Jewell v. State

Citation309 N.E.2d 441,261 Ind. 665
Decision Date19 April 1974
Docket NumberNo. 374S71,374S71
PartiesRobert James JEWELL, Appellant, v. STATE of Indiana, Appellee.
CourtSupreme Court of Indiana

Charles W. Newell, Public Defender, James R. Fleming, Deputy Public Defender, O'Mahoney, Mahoney, Simmons & Fleming, Kokomo, for appellant.

Theodore L. Sendak, Atty. Gen., John H. Meyers, Deputy Atty. Gen., Indianapolis, for appellee.

ARTERBURN, Chief Justice.

Defendant appeals from his jury conviction for Second Degree Murder. Since the sufficiency of the evidence is an issue raised, we must consider the evidence most favorable to the jury's verdict. Blackburn v. State, (1973) Ind., 291 N.E.2d 686 at 695 and cases cited therein. The facts are that the defendant, who was in his early twenties, was one of a group of four men drinking in a tavern on October 18, 1972. Three of the group decided to rob the fourth, a man over fifty years of age, who seemed to have a large amount of money that night. The group drove into the country, parked, and demanded the money. When the victim started to leave the car, the defendant grabbed at him and another member of the group pulled a pistol and fired three times. One of the shots wounded the victim. The defendant and the other two assailants then began beating and kicking the victim. The three drove off. The victim died the next morning at his mother's house as a result of the injuries inflicted upon him by all three assailants. Medical testimony established that either the gunshot wound or the beating, which produced a fractured skull, would have, even absent the other, caused the death of the victim.
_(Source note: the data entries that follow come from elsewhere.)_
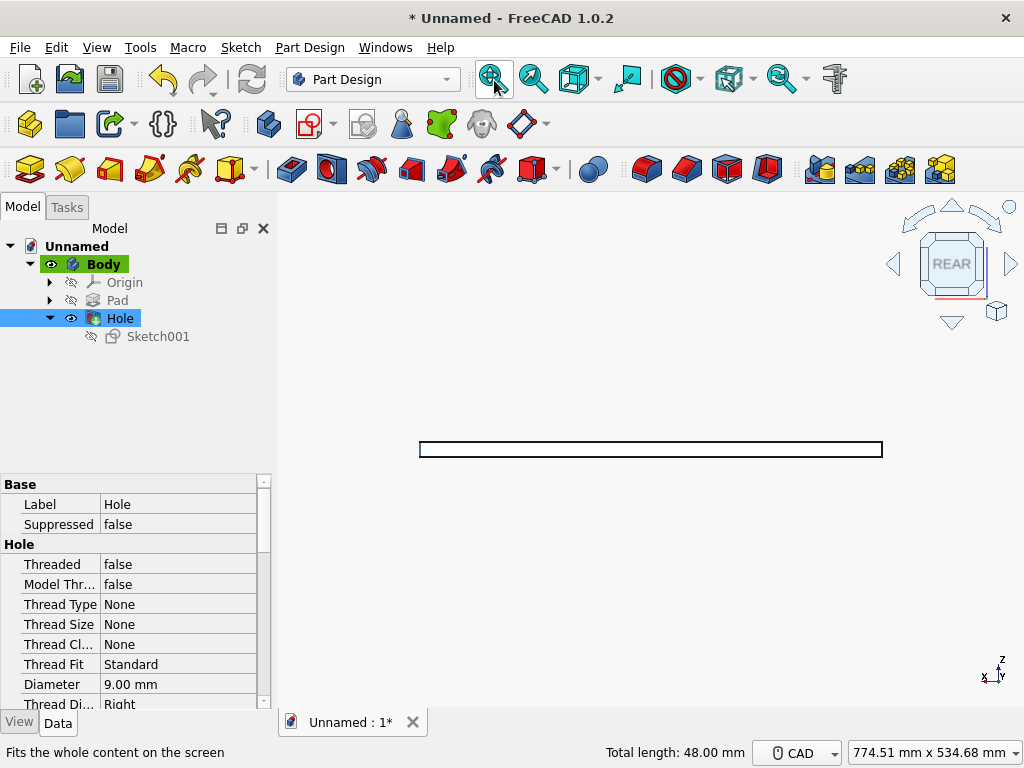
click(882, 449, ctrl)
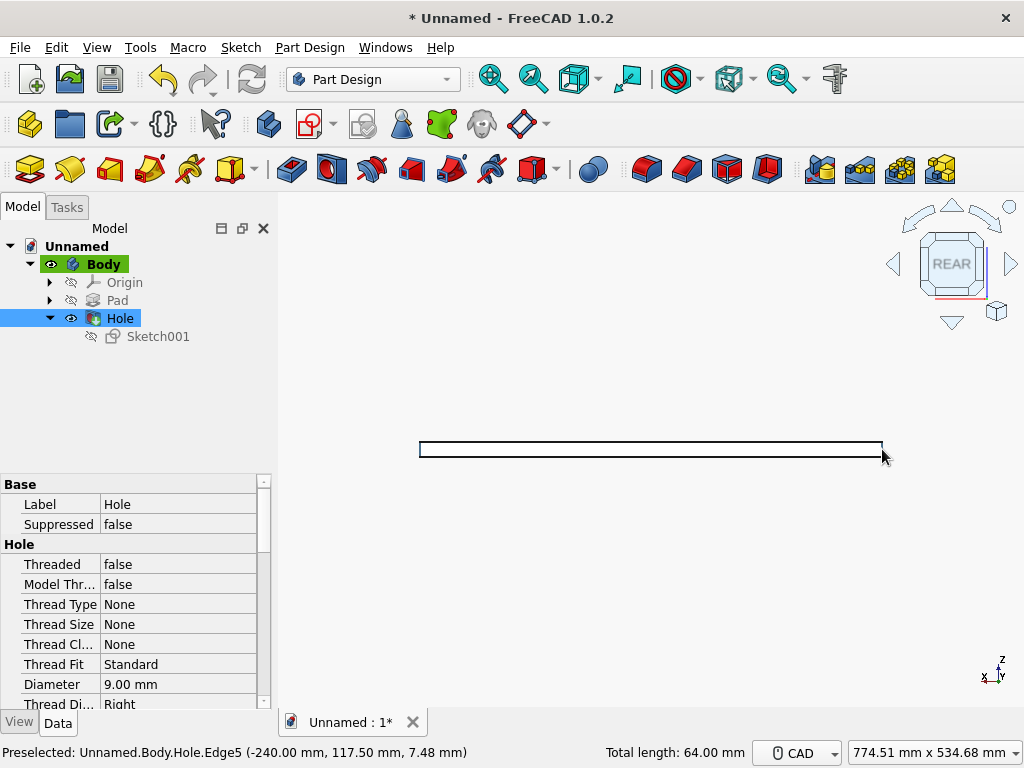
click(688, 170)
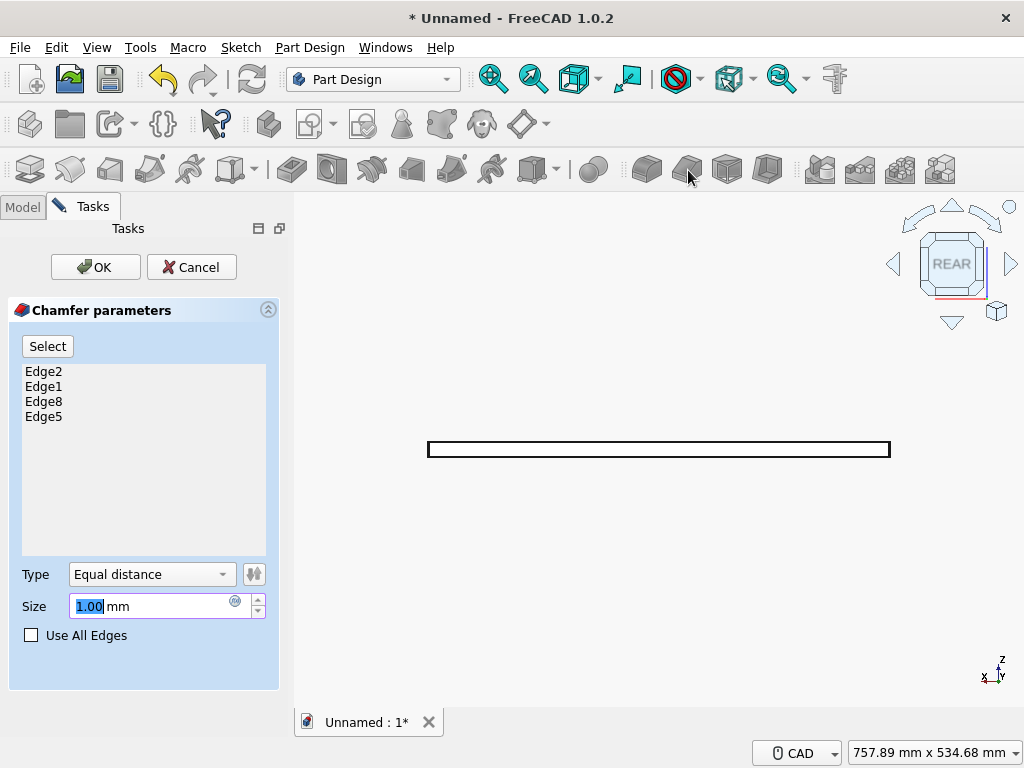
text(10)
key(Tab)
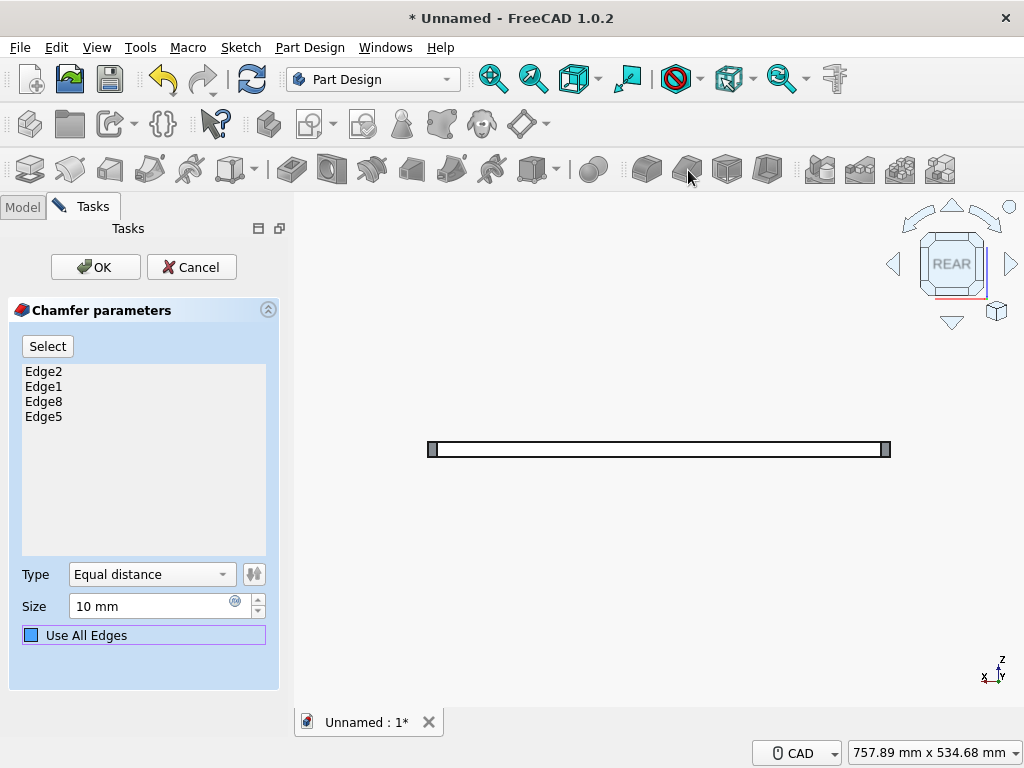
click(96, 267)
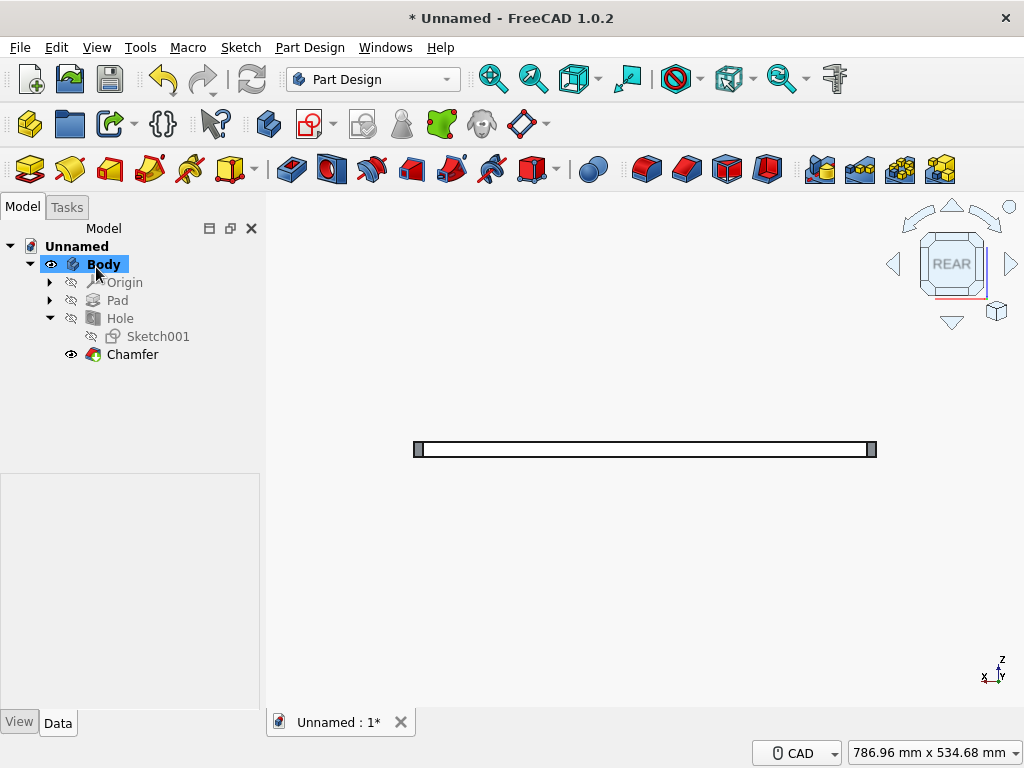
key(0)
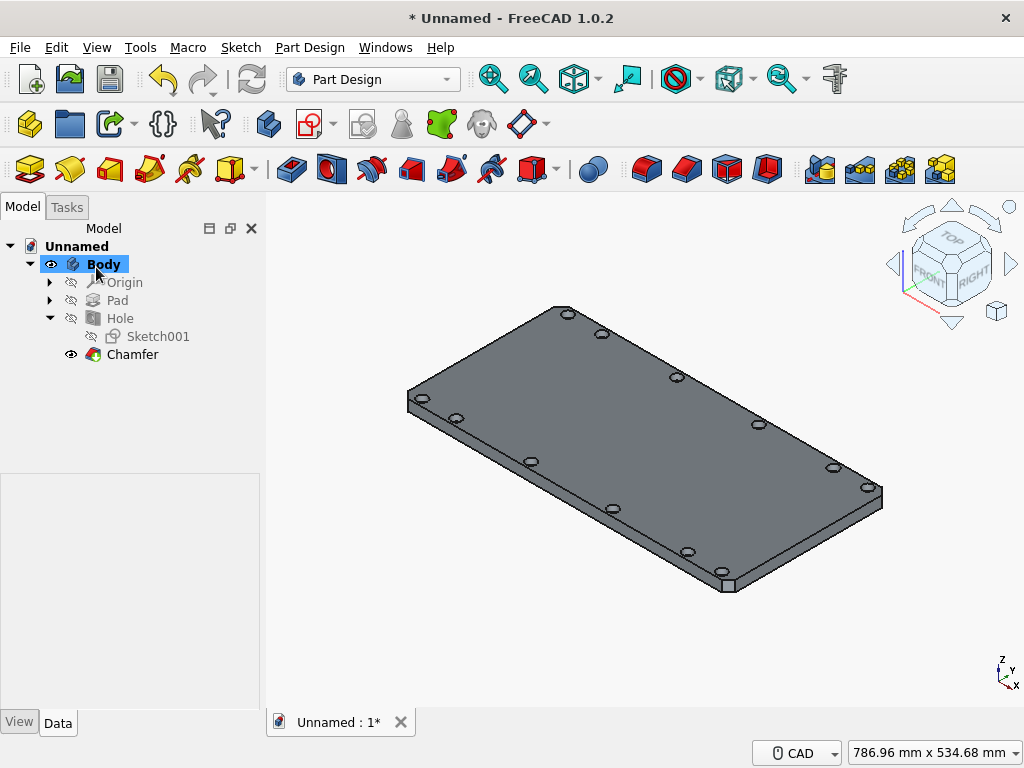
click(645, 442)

Defendant's first ground for review is that the evidence was insufficient for a finding of the elements of intent and malice, which are necessary elements of second degree murder. Defendant does not dispute the well-settled principle that the elements of intent and malice may be inferred generally from the circumstances of the crime or specifically from the use of a deadly weapon. Helms v. State, (1968) 251 Ind. 335, 241 N.E.2d 244; Baker v. State, (1964) 245 Ind. 129, 195 N.E.2d 91, Miller v. State, (1962) 242 Ind. 678, 181 N.E.2d 633. However, Defendant urges that since not he but another of the group fired the pistol, he, the Defendant, is responsible only for the blows inflicted by his own fists. Defendant's argument is that if the cause of death was the gunshot wound, then Defendant was not responsible, and if the cause of death was a fractured skull then the use of fists does not allow an inference of a specific malicious intent to kill. We note that in certain circumstances a bare-handed beating can permit just such an inference. Corbin v. State, (1968) 250 Ind. 147, 237 N.E.2d 376; Stice v. State, (1950) 228 Ind. 144, 89 N.E.2d 915. Indeed, we observe that in this case the situation was that three young men were beating and kicking an overweight man over fifty. Nevertheless, we do not need to decide this particular issue because Defendant misconceives the theory upon which his conviction rests.

The following instruction was given properly and without objection by the trial court:

' You are instructed that Section 9--102 Burns' Indiana Statutes Annotated (IC 1971, 35--1--29--1) defines the term Accessory Before the Fact. That statute reads as follows:

'Every person who shall aid or abet in the commission of a felony, or who shall counsel, encourage, hire, command, or otherwise procure a felony to be committed, may be charged by indictment, or affidavit, tried and convicted in the same manner as if he were a principal, either before or after the principal offender is charged, indicted or convicted; and, upon such conviction he shall suffer the same punishment and penalties as are prescribed by law for the punishment of the principal."

As we have previously said, this statute embodies 'a fundamental principle of our criminal law' and 'covers all felonies . . ..' Cline v. State, (1969) 253 Ind. 264, at 267, 252 N.E.2d 793 at 795. Thus, it is obvious that the jury could have reasoned that the victim died as a result of the gunshot wound, that the use of the pistol implies a malicious intent to kill, and that defendant as an accessory before the fact is responsible to the same extent as the principal.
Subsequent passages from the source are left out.